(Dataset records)
=== Section Start ===
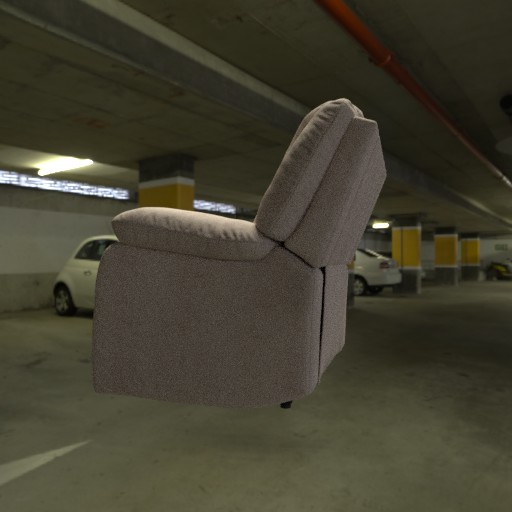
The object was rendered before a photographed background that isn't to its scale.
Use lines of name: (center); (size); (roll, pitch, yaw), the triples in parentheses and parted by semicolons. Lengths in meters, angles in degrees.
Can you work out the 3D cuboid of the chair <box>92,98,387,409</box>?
chair: (0.000, 0.000, 1.709); (0.944, 1.008, 0.899); (0, -1, 18)
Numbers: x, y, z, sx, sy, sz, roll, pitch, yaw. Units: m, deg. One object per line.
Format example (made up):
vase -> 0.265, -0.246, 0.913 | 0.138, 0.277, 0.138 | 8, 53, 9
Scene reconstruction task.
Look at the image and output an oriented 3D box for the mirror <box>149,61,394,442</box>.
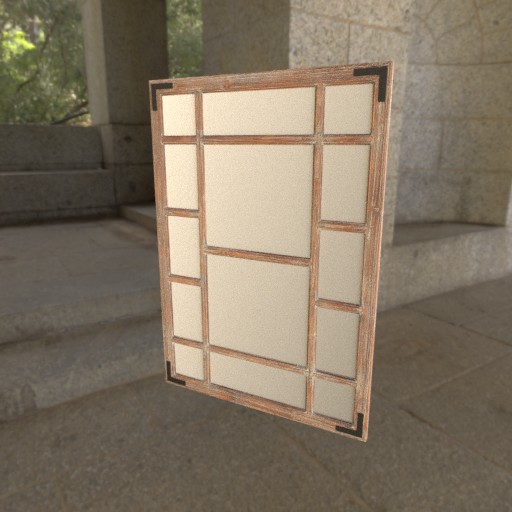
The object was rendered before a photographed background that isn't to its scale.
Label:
mirror -> 0.000, 0.000, 1.288 | 0.705, 0.996, 0.025 | 7, 16, 26
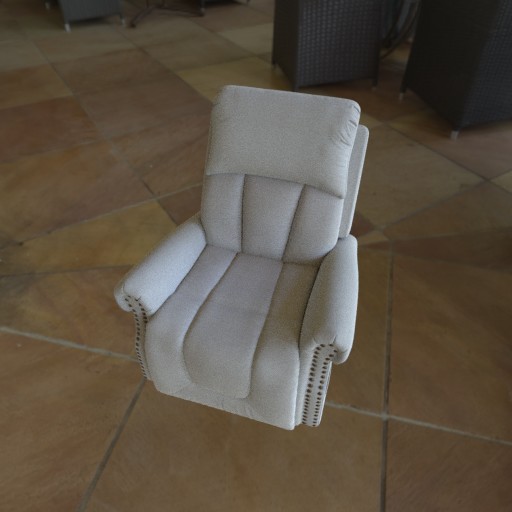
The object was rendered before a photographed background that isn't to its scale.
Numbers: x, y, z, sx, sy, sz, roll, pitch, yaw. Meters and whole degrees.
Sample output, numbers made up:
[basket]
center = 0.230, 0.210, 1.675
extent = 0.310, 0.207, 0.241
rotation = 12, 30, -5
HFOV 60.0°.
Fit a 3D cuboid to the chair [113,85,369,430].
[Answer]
[chair]
center = 0.000, 0.000, 1.800
extent = 0.871, 1.031, 0.979
rotation = 12, 43, 13
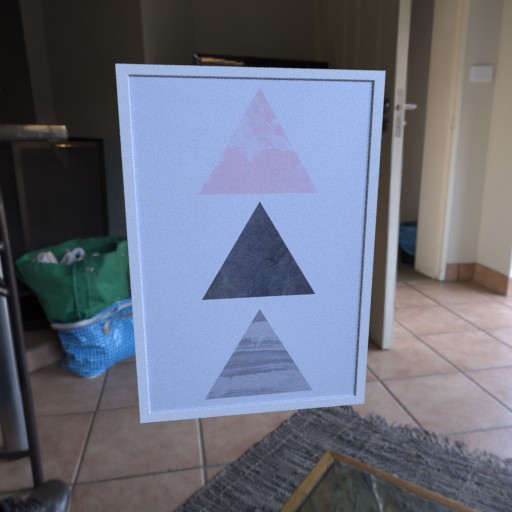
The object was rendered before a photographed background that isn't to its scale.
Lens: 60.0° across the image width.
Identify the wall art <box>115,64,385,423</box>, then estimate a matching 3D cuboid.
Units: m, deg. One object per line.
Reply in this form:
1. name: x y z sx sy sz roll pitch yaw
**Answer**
1. wall art: 0.000 0.000 1.187 0.659 0.940 0.013 -2 14 -8
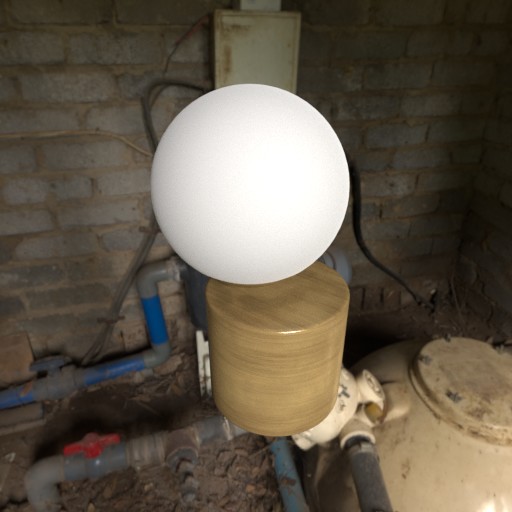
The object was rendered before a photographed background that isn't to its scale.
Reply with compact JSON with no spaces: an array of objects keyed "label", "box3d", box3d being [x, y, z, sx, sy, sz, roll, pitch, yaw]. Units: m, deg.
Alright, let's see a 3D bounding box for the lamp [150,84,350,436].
[{"label":"lamp","box3d":[0.000,0.000,0.346,0.152,0.250,0.141,19,34,31]}]
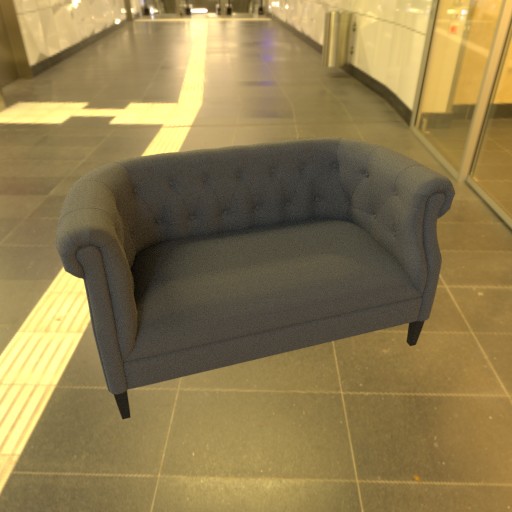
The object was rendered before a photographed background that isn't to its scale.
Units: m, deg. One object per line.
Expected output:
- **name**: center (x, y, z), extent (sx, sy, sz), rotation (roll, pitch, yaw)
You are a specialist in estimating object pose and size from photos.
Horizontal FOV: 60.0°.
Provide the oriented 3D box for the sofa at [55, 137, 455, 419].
- **sofa**: center (0.000, 0.000, 2.040), extent (1.558, 0.827, 0.835), rotation (-10, 34, -15)
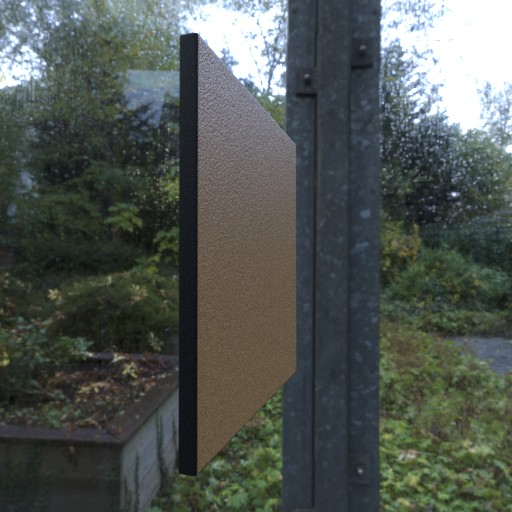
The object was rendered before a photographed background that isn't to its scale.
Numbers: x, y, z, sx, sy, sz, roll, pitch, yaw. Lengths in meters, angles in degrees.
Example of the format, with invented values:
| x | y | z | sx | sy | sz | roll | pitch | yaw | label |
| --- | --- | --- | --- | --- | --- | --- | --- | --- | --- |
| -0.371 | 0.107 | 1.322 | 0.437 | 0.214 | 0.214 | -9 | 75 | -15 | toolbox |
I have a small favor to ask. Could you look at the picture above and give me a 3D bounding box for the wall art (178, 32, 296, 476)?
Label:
| x | y | z | sx | sy | sz | roll | pitch | yaw | label |
| --- | --- | --- | --- | --- | --- | --- | --- | --- | --- |
| 0.000 | 0.000 | 0.670 | 0.022 | 0.453 | 0.456 | 0 | -1 | 18 | wall art |
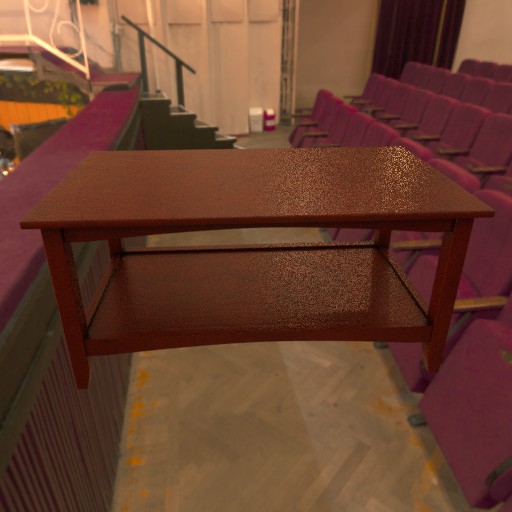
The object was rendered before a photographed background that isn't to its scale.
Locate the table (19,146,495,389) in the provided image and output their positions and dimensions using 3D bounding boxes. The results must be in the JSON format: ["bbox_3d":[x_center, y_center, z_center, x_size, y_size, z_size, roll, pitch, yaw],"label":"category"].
[{"bbox_3d":[0.000,0.000,1.213,0.943,0.456,0.533,-2,28,-3],"label":"table"}]
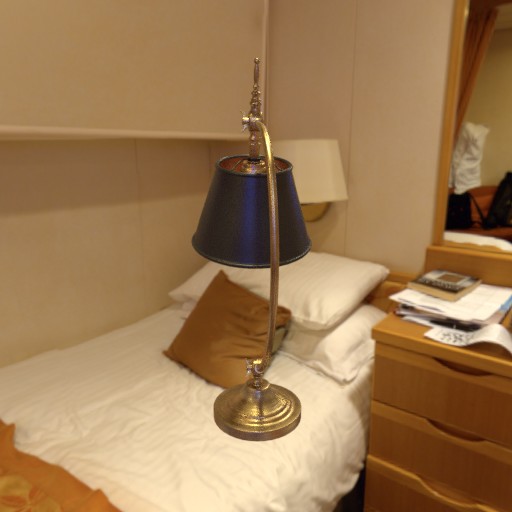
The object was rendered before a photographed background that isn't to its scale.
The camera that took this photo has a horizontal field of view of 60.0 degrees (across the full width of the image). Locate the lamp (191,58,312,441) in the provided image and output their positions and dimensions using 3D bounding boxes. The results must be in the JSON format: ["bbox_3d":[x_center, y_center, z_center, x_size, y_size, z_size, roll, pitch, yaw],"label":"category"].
[{"bbox_3d":[0.000,0.000,0.819,0.235,0.675,0.344,-2,14,-8],"label":"lamp"}]
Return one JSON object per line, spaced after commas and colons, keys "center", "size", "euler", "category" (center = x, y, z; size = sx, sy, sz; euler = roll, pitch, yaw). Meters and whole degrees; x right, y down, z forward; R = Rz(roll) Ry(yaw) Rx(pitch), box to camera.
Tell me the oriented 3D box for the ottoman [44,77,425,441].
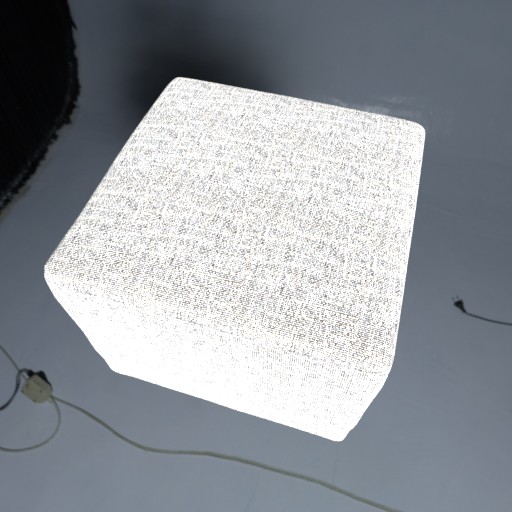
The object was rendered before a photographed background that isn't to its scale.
{"center": [0.000, 0.000, 0.888], "size": [0.521, 0.453, 0.512], "euler": [14, 57, 9], "category": "ottoman"}
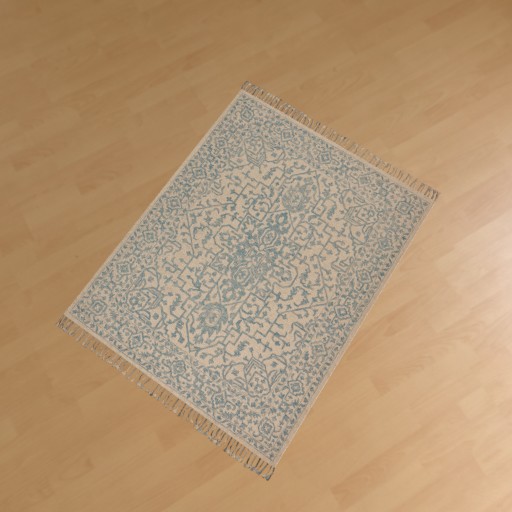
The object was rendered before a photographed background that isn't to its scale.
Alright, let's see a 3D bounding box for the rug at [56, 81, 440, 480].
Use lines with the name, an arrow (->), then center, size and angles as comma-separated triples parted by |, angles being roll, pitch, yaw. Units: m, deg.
rug -> 0.000, 0.000, 4.438 | 2.464, 0.010, 3.327 | 33, 77, 9
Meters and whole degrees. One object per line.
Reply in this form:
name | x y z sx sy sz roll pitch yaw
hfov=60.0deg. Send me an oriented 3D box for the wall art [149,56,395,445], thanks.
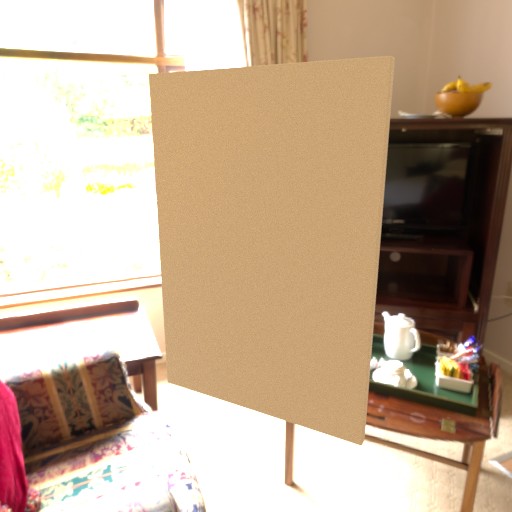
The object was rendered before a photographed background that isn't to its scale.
wall art | 0.000 0.000 1.493 0.808 1.183 0.038 8 18 27
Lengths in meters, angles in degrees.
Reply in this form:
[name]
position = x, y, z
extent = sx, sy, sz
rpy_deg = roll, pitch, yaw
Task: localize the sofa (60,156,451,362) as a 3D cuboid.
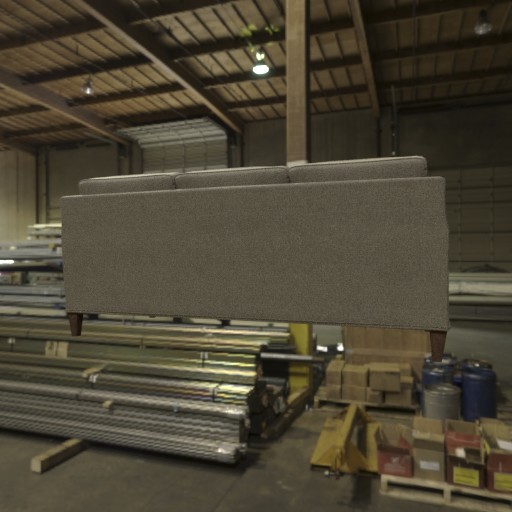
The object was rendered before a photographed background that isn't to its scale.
[sofa]
position = 0.000, 0.000, 2.836
extent = 2.246, 1.003, 1.084
rpy_deg = 0, 0, 19
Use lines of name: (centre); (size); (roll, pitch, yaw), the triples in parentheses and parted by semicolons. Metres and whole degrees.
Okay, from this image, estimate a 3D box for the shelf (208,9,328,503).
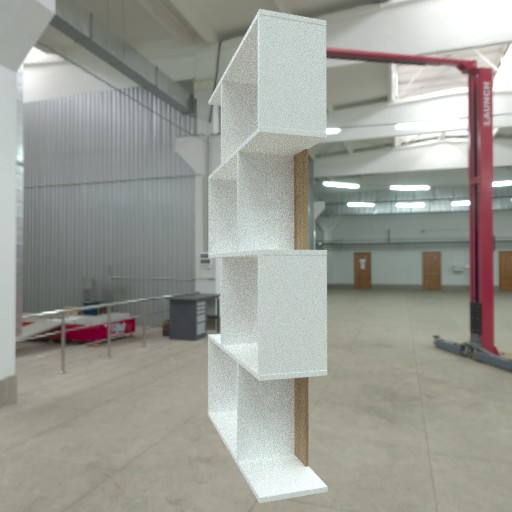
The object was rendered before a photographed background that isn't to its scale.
shelf: (0.000, 0.000, 1.941); (0.250, 1.650, 0.890); (0, -1, -17)
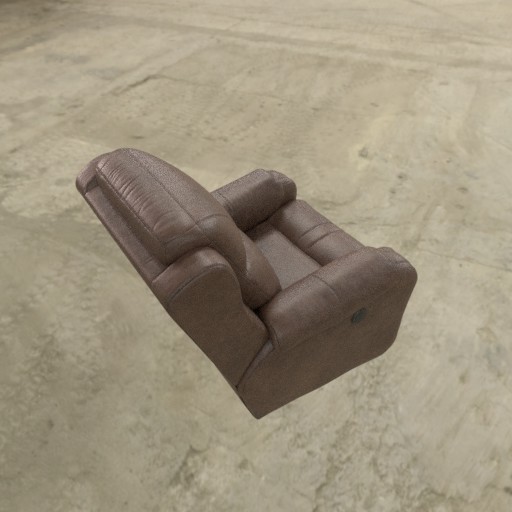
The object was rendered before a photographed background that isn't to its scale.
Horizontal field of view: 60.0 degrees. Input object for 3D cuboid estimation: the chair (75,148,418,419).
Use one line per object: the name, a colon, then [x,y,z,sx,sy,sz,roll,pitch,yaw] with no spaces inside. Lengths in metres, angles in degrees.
chair: [0.000,0.000,1.813,1.067,0.990,0.940,-25,46,-26]
=== Section End ===
# [Your instructions]
A word-for-word transcript of the entries above is needed, with pictures removed.

# [Answer]
The object was rendered before a photographed background that isn't to its scale.
Use lines of name: (center); (size); (roll, pitch, yaw), the triples in parentheses and parted by semicolons. Lengths in meters, angles in degrees.
Can you work out the 3D cuboid of the chair <box>92,98,387,409</box>?
chair: (0.000, 0.000, 1.709); (0.944, 1.008, 0.899); (0, -1, 18)
Numbers: x, y, z, sx, sy, sz, roll, pitch, yaw. Units: m, deg. One object per line.
Format example (made up):
vase -> 0.265, -0.246, 0.913 | 0.138, 0.277, 0.138 | 8, 53, 9
Scene reconstruction task.
Look at the image and output an oriented 3D box for the mirror <box>149,61,394,442</box>.
The object was rendered before a photographed background that isn't to its scale.
Label:
mirror -> 0.000, 0.000, 1.288 | 0.705, 0.996, 0.025 | 7, 16, 26
The object was rendered before a photographed background that isn't to its scale.
Numbers: x, y, z, sx, sy, sz, roll, pitch, yaw. Meters and whole degrees.
Sample output, numbers made up:
[basket]
center = 0.230, 0.210, 1.675
extent = 0.310, 0.207, 0.241
rotation = 12, 30, -5
HFOV 60.0°.
Fit a 3D cuboid to the chair [113,85,369,430].
[Answer]
[chair]
center = 0.000, 0.000, 1.800
extent = 0.871, 1.031, 0.979
rotation = 12, 43, 13
The object was rendered before a photographed background that isn't to its scale.
Lens: 60.0° across the image width.
Identify the wall art <box>115,64,385,423</box>, then estimate a matching 3D cuboid.
Units: m, deg. One object per line.
Reply in this form:
1. name: x y z sx sy sz roll pitch yaw
**Answer**
1. wall art: 0.000 0.000 1.187 0.659 0.940 0.013 -2 14 -8
The object was rendered before a photographed background that isn't to its scale.
Reply with compact JSON with no spaces: an array of objects keyed "label", "box3d", box3d being [x, y, z, sx, sy, sz, roll, pitch, yaw]. Units: m, deg.
Alright, let's see a 3D bounding box for the lamp [150,84,350,436].
[{"label":"lamp","box3d":[0.000,0.000,0.346,0.152,0.250,0.141,19,34,31]}]
The object was rendered before a photographed background that isn't to its scale.
Units: m, deg. One object per line.
Expected output:
- **name**: center (x, y, z), extent (sx, sy, sz), rotation (roll, pitch, yaw)
You are a specialist in estimating object pose and size from photos.
Horizontal FOV: 60.0°.
Provide the oriented 3D box for the sofa at [55, 137, 455, 419].
- **sofa**: center (0.000, 0.000, 2.040), extent (1.558, 0.827, 0.835), rotation (-10, 34, -15)
The object was rendered before a photographed background that isn't to its scale.
Numbers: x, y, z, sx, sy, sz, roll, pitch, yaw. Lengths in meters, angles in degrees.
Example of the format, with invented values:
| x | y | z | sx | sy | sz | roll | pitch | yaw | label |
| --- | --- | --- | --- | --- | --- | --- | --- | --- | --- |
| -0.371 | 0.107 | 1.322 | 0.437 | 0.214 | 0.214 | -9 | 75 | -15 | toolbox |
I have a small favor to ask. Could you look at the picture above and give me a 3D bounding box for the wall art (178, 32, 296, 476)?
Label:
| x | y | z | sx | sy | sz | roll | pitch | yaw | label |
| --- | --- | --- | --- | --- | --- | --- | --- | --- | --- |
| 0.000 | 0.000 | 0.670 | 0.022 | 0.453 | 0.456 | 0 | -1 | 18 | wall art |
The object was rendered before a photographed background that isn't to its scale.
Locate the table (19,146,495,389) in the provided image and output their positions and dimensions using 3D bounding boxes. The results must be in the JSON format: ["bbox_3d":[x_center, y_center, z_center, x_size, y_size, z_size, roll, pitch, yaw],"label":"category"].
[{"bbox_3d":[0.000,0.000,1.213,0.943,0.456,0.533,-2,28,-3],"label":"table"}]
The object was rendered before a photographed background that isn't to its scale.
The camera that took this photo has a horizontal field of view of 60.0 degrees (across the full width of the image). Locate the lamp (191,58,312,441) in the provided image and output their positions and dimensions using 3D bounding boxes. The results must be in the JSON format: ["bbox_3d":[x_center, y_center, z_center, x_size, y_size, z_size, roll, pitch, yaw],"label":"category"].
[{"bbox_3d":[0.000,0.000,0.819,0.235,0.675,0.344,-2,14,-8],"label":"lamp"}]
Return one JSON object per line, spaced after commas and colons, keys "center", "size", "euler", "category" (center = x, y, z; size = sx, sy, sz; euler = roll, pitch, yaw). Meters and whole degrees; x right, y down, z forward; R = Rz(roll) Ry(yaw) Rx(pitch), box to camera.
Tell me the oriented 3D box for the ottoman [44,77,425,441].
The object was rendered before a photographed background that isn't to its scale.
{"center": [0.000, 0.000, 0.888], "size": [0.521, 0.453, 0.512], "euler": [14, 57, 9], "category": "ottoman"}
The object was rendered before a photographed background that isn't to its scale.
Alright, let's see a 3D bounding box for the rug at [56, 81, 440, 480].
Use lines with the name, an arrow (->), then center, size and angles as comma-separated triples parted by |, angles being roll, pitch, yaw. Units: m, deg.
rug -> 0.000, 0.000, 4.438 | 2.464, 0.010, 3.327 | 33, 77, 9
Meters and whole degrees. One object per line.
Reply in this form:
name | x y z sx sy sz roll pitch yaw
hfov=60.0deg. Send me an oriented 3D box for the wall art [149,56,395,445], thanks.
The object was rendered before a photographed background that isn't to its scale.
wall art | 0.000 0.000 1.493 0.808 1.183 0.038 8 18 27
Lengths in meters, angles in degrees.
Reply in this form:
[name]
position = x, y, z
extent = sx, sy, sz
rpy_deg = roll, pitch, yaw
Task: localize the sofa (60,156,451,362) as a 3D cuboid.
The object was rendered before a photographed background that isn't to its scale.
[sofa]
position = 0.000, 0.000, 2.836
extent = 2.246, 1.003, 1.084
rpy_deg = 0, 0, 19
Use lines of name: (centre); (size); (roll, pitch, yaw), the triples in parentheses and parted by semicolons. Metres and whole degrees.
Okay, from this image, estimate a 3D box for the shelf (208,9,328,503).
The object was rendered before a photographed background that isn't to its scale.
shelf: (0.000, 0.000, 1.941); (0.250, 1.650, 0.890); (0, -1, -17)
The object was rendered before a photographed background that isn't to its scale.
Horizontal field of view: 60.0 degrees. Input object for 3D cuboid estimation: the chair (75,148,418,419).
Use one line per object: the name, a colon, then [x,y,z,sx,sy,sz,roll,pitch,yaw] with no spaces inside. Lengths in metres, angles in degrees.
chair: [0.000,0.000,1.813,1.067,0.990,0.940,-25,46,-26]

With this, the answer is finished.